(Stored items from a collection)
=== Section Start ===

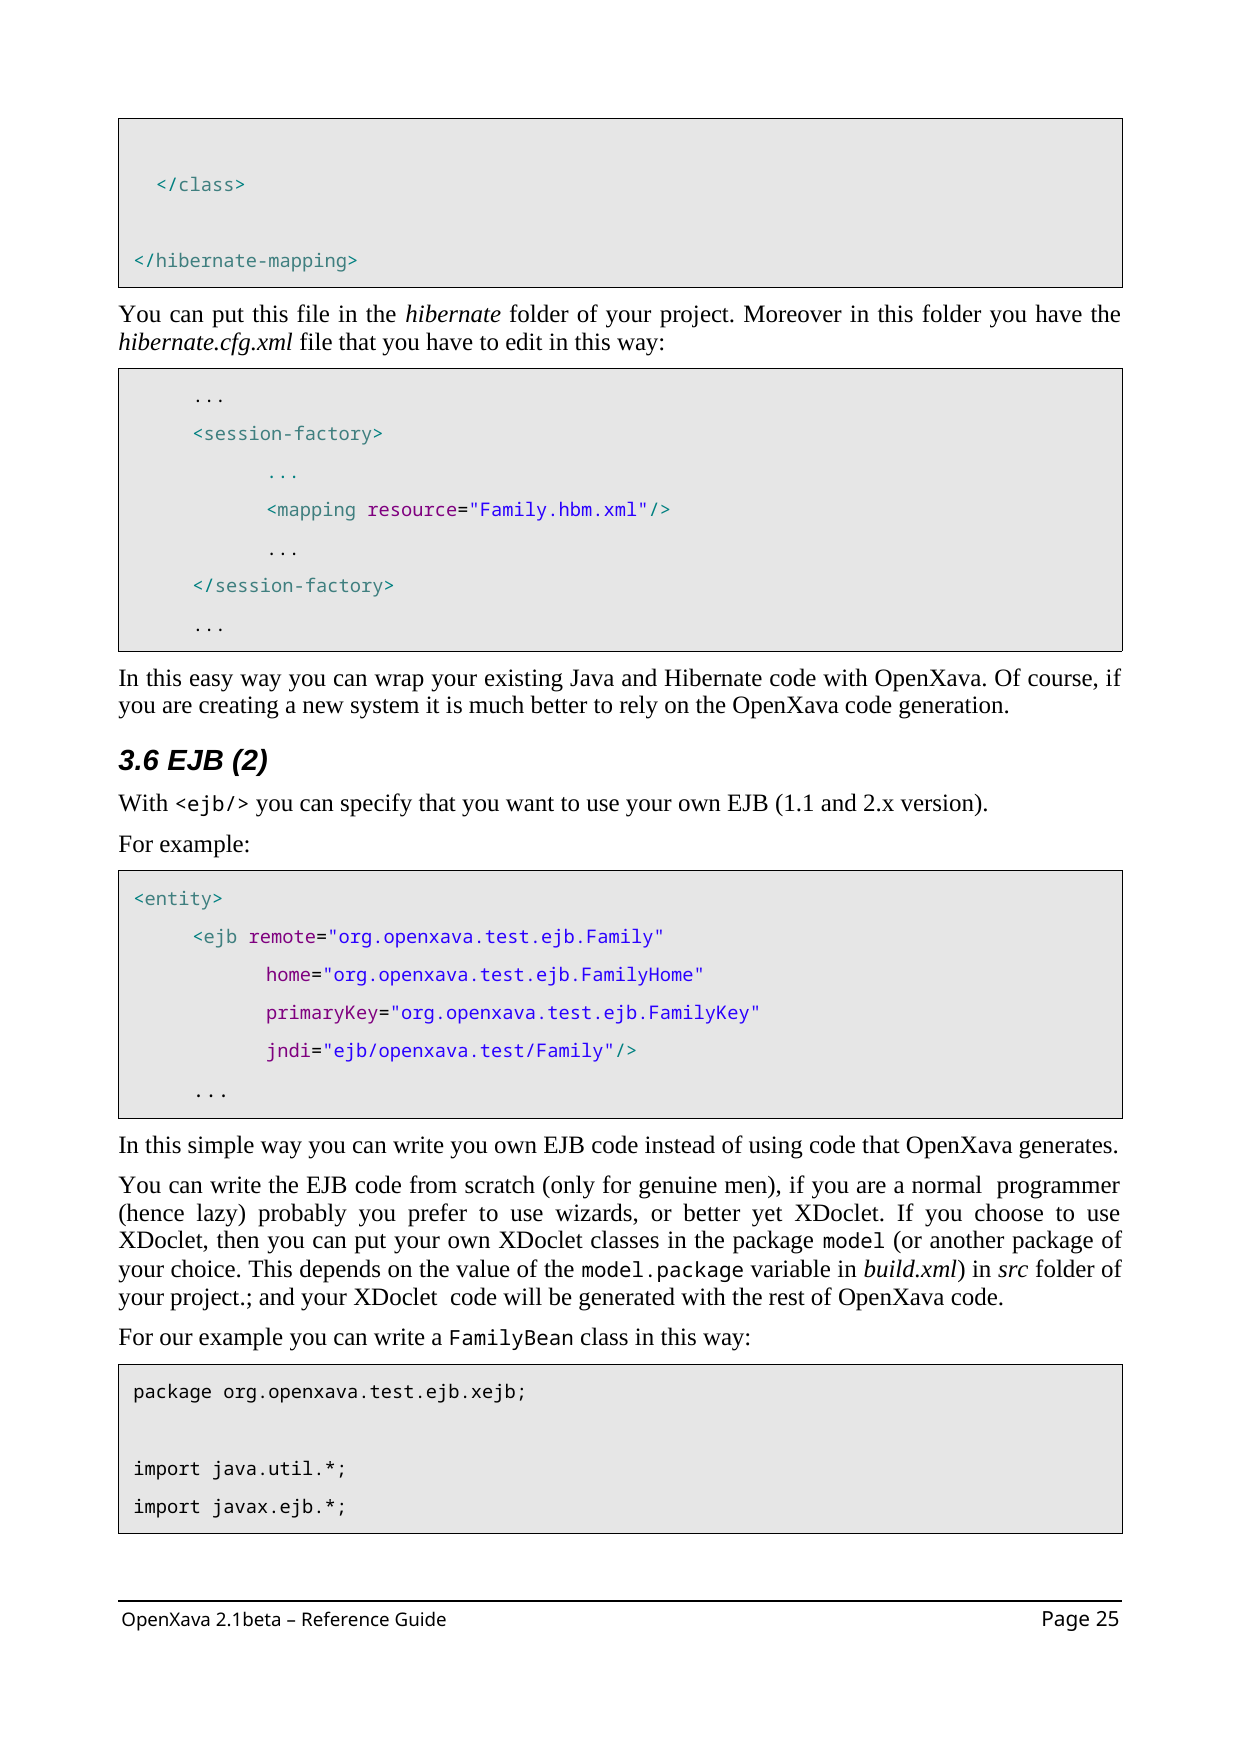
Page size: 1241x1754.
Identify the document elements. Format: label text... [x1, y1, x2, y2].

text </class> [119, 156, 1122, 194]
text In this easy way you can wrap your existing Java and Hibernate code with OpenXava. Of course, if you are creating a new system it is much better to rely on the OpenXava code generation. [118, 664, 1122, 719]
text ... [119, 444, 1122, 482]
text In this simple way you can write you own EJB code instead of using code that OpenXava generates. [118, 1131, 1122, 1159]
subtitle EJB (2) [118, 744, 1122, 777]
text ... [119, 1061, 1122, 1118]
text </hibernate-mapping> [119, 232, 1122, 287]
text import java.util.*; [119, 1440, 1122, 1478]
text import javax.ejb.*; [119, 1478, 1122, 1533]
text <mapping resource="Family.hbm.xml"/> [119, 482, 1122, 520]
text <session-factory> [119, 406, 1122, 444]
text <ejb remote="org.openxava.test.ejb.Family" [119, 908, 1122, 946]
text You can put this file in the hibernate folder of your project. Moreover in this folder you have the hibernate.cfg.xml file that you have to edit in this way: [118, 300, 1122, 355]
text ... [119, 596, 1122, 651]
text </session-factory> [119, 558, 1122, 596]
text For example: [118, 830, 1122, 858]
text ... [119, 520, 1122, 558]
text ... [119, 369, 1122, 406]
text With <ejb/> you can specify that you want to use your own EJB (1.1 and 2.x version). [118, 789, 1122, 818]
text You can write the EJB code from scratch (only for genuine men), if you are a normal programmer (hence lazy) probably you prefer to use wizards, or better yet XDoclet. If you choose to use XDoclet, then you can put your own XDoclet classes in the package model (or another package of your choice. This depends on the value of the model.package variable in build.xml) in src folder of your project.; and your XDoclet code will be generated with the rest of OpenXava code. [118, 1171, 1122, 1311]
text primaryKey="org.openxava.test.ejb.FamilyKey" [119, 984, 1122, 1022]
text For our example you can write a FamilyBean class in this way: [118, 1323, 1122, 1352]
text jndi="ejb/openxava.test/Family"/> [119, 1022, 1122, 1061]
text package org.openxava.test.ejb.xejb; [119, 1365, 1122, 1402]
text <entity> [119, 871, 1122, 908]
text home="org.openxava.test.ejb.FamilyHome" [119, 946, 1122, 984]
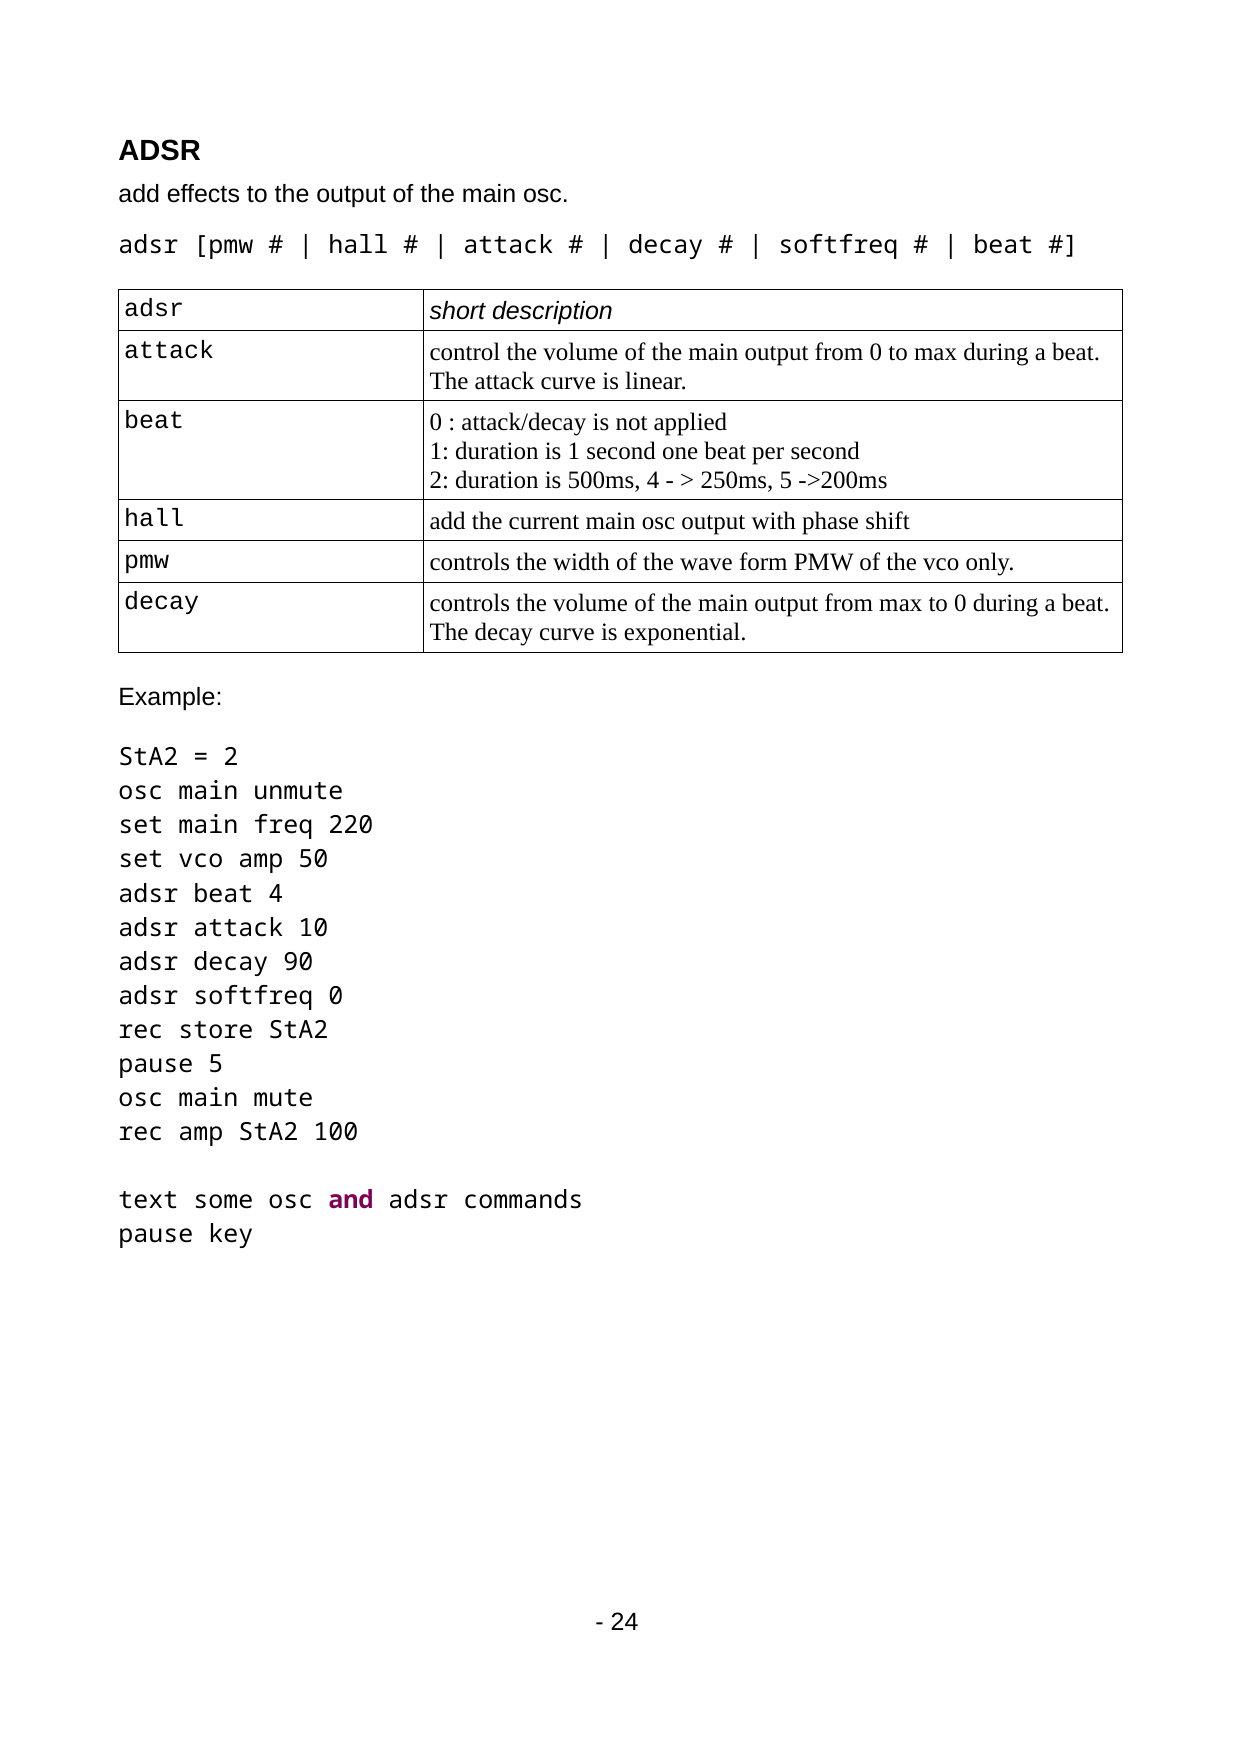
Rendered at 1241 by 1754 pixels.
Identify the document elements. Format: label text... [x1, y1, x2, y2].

table_cell controls the width of the wave form PMW of the vco only. [424, 541, 1122, 582]
subtitle ADSR [118, 133, 1122, 166]
text pause key [118, 1216, 1122, 1250]
text adsr decay 90 [118, 943, 1122, 977]
table_cell control the volume of the main output from 0 to max during a beat. The attack curve is linear. [424, 331, 1122, 400]
text text some osc and adsr commands [118, 1182, 1122, 1216]
table_cell decay [119, 583, 423, 652]
text pause 5 [118, 1046, 1122, 1079]
text add effects to the output of the main osc. [118, 179, 1122, 207]
text adsr [pmw # | hall # | attack # | decay # | softfreq # | beat #] [118, 226, 1122, 260]
text Example: [118, 681, 1122, 710]
table_cell hall [119, 500, 423, 540]
text adsr attack 10 [118, 909, 1122, 943]
table_header short description [424, 290, 1122, 330]
text set vco amp 50 [118, 841, 1122, 875]
table_cell pmw [119, 541, 423, 582]
text rec amp StA2 100 [118, 1114, 1122, 1148]
text osc main mute [118, 1079, 1122, 1114]
table_cell 0 : attack/decay is not applied 1: duration is 1 second one beat per second 2: duration is 500ms, 4 - > 250ms, 5 ->200ms [424, 401, 1122, 499]
text adsr beat 4 [118, 875, 1122, 909]
text set main freq 220 [118, 807, 1122, 841]
text osc main unmute [118, 773, 1122, 807]
table_header adsr [119, 290, 423, 330]
table_cell add the current main osc output with phase shift [424, 500, 1122, 540]
table_cell beat [119, 401, 423, 499]
text adsr softfreq 0 [118, 977, 1122, 1011]
table_cell controls the volume of the main output from max to 0 during a beat. The decay curve is exponential. [424, 583, 1122, 652]
text StA2 = 2 [118, 739, 1122, 773]
table_cell attack [119, 331, 423, 400]
text rec store StA2 [118, 1011, 1122, 1046]

=== Section End ===

_YOUR TASK_
All pictures are to be skipped; the lines from the first line of the records through the line containing "text ... [119, 444, 1122, 482]" are to be repeated exactly, both ends included.

_FINAL ANSWER_
Page size: 1241x1754.
Identify the document elements. Format: label text... [x1, y1, x2, y2].

text </class> [119, 156, 1122, 194]
text In this easy way you can wrap your existing Java and Hibernate code with OpenXava. Of course, if you are creating a new system it is much better to rely on the OpenXava code generation. [118, 664, 1122, 719]
text ... [119, 444, 1122, 482]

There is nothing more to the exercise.